I pulled out the butcher’s knife and started to slice some ham off the joint to go with the cheddar. Carolynne drifted toward the door, then slipped out of sight. I looked at the knife. I couldn’t very well avoid knives, but I could understand her revulsion at the blade.
After I cleaned up the dishes and retrieved a bottle of wine from the cellar for later, I went up to the bedroom to dress. First I tried the light gray suit, but that didn’t seem quite right. So I settled on the dark gray pinstripe, the one I’d worn the day I’d resigned as Minister of Environment. The suit seemed looser. Had I lost weight, or was I just in better shape?
“How I loved you even as a child,” offered Carolynne, in words that felt more sung than spoken as she appeared in the doorway.

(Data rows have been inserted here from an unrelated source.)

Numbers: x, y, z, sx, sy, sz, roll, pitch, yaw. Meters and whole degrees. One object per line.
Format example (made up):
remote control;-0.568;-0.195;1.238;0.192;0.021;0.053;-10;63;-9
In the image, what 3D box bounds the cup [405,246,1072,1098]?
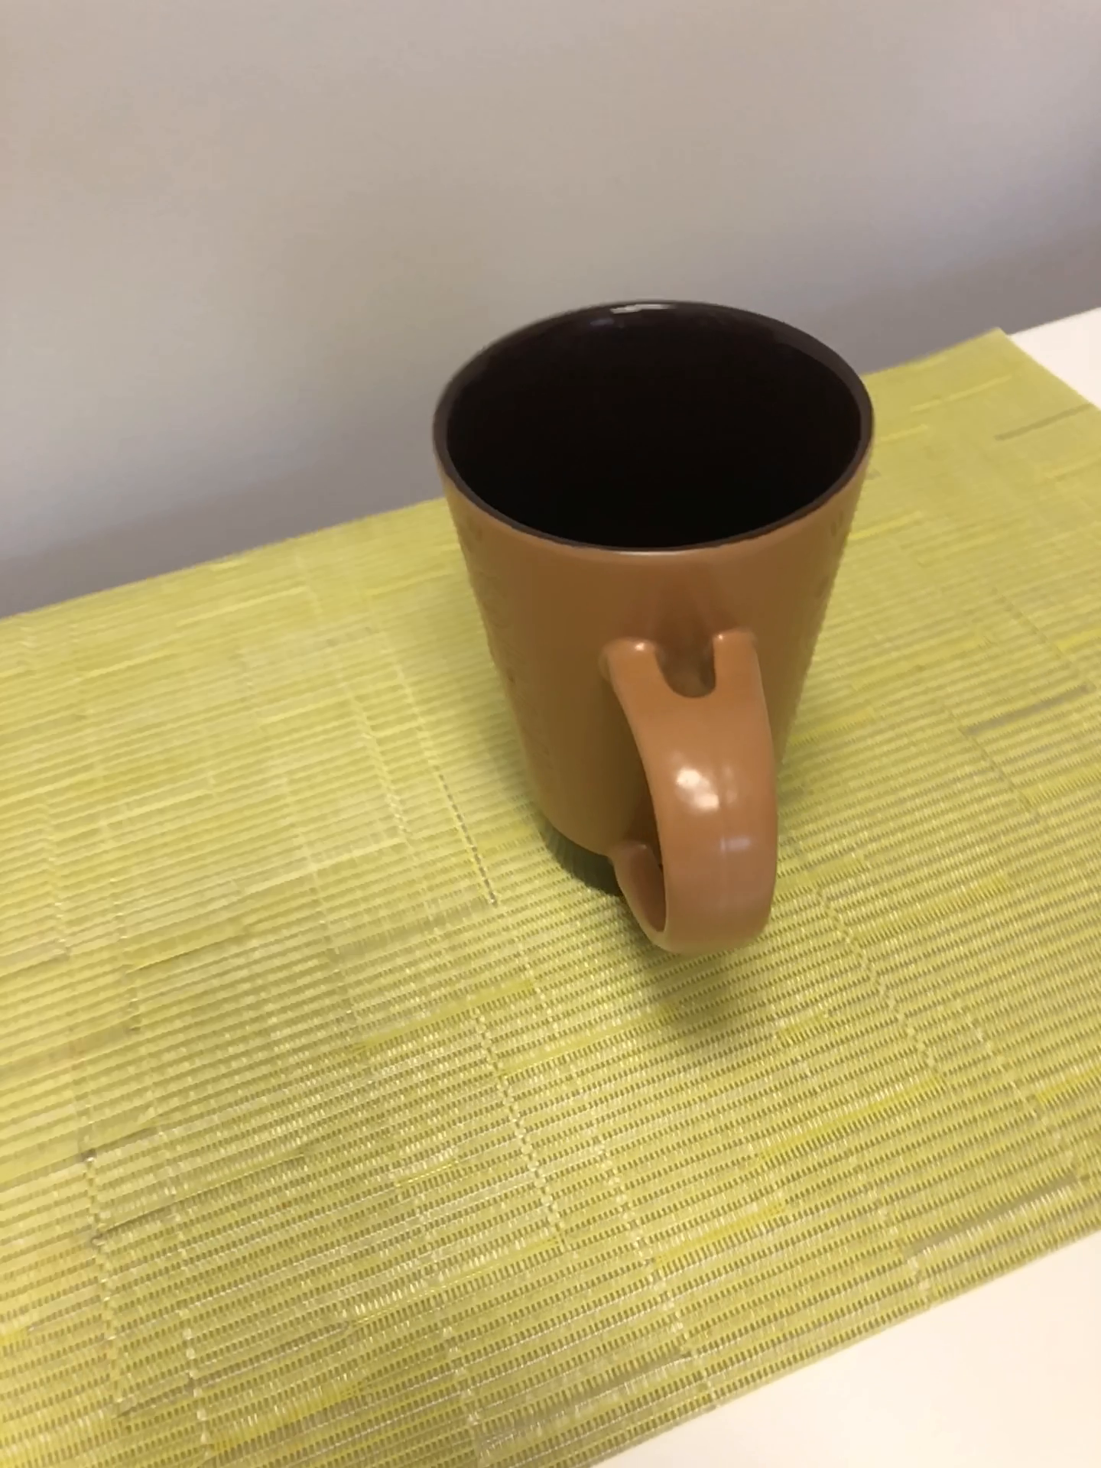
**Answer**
cup;0.027;-0.015;0.268;0.090;0.119;0.127;-10;46;-4

“You are a shameless ghost.”
“Ways will I elect that seldom any tread.”
“Sorry.”
“Never will love be satisfied. The heart will become more thirsty and hungry.”
“Are you talking about me, or you?”
“Will she change what she enjoyed?”
“She? Llysette? Are you talking about Llysette?”
“Your splendor is dying on yonder hill.” She winked out, probably going back to her lodestone for a recharge, or meal, or whatever.
I shivered at the warning, for it was clearly a warning. Why was I doing this? Was it a last attempt to do what was right? Was that the reason I’d kept persisting with the ghost caricature of justice and mercy? After everything, could I do less than try to set things right?
My stomach tightened more, and my heart raced. Was I having a heart attack? No … just an anxiety attack. I took a deep breath.
Before I left the house, I quickly pulled one of the disassociators out of the closet and tucked it in the foot well of the difference engine stand, in case I needed it for demonstration purposes later.
When I got to the university, I parked the Stanley at the end of the row that held Llysette’s Reo, and took just about the last space in the faculty car park, although a number of the cars did not have faculty tags. After locking the steamer, I walked down and across to the main entrance. Under the heavy overcoat I was actually too warm, and I wiped my forehead before I walked up the stone steps into the building, unbuttoning the overcoat as I did. I did keep an eye out, just in case I
ran into one of vanBecton’s “legacies.” Then again, if they were good, I probably wouldn’t see them until it was far too late. And, who knew, I wondered if that might have been better. I tried to keep upbeat and shook my head, pushing away my fears.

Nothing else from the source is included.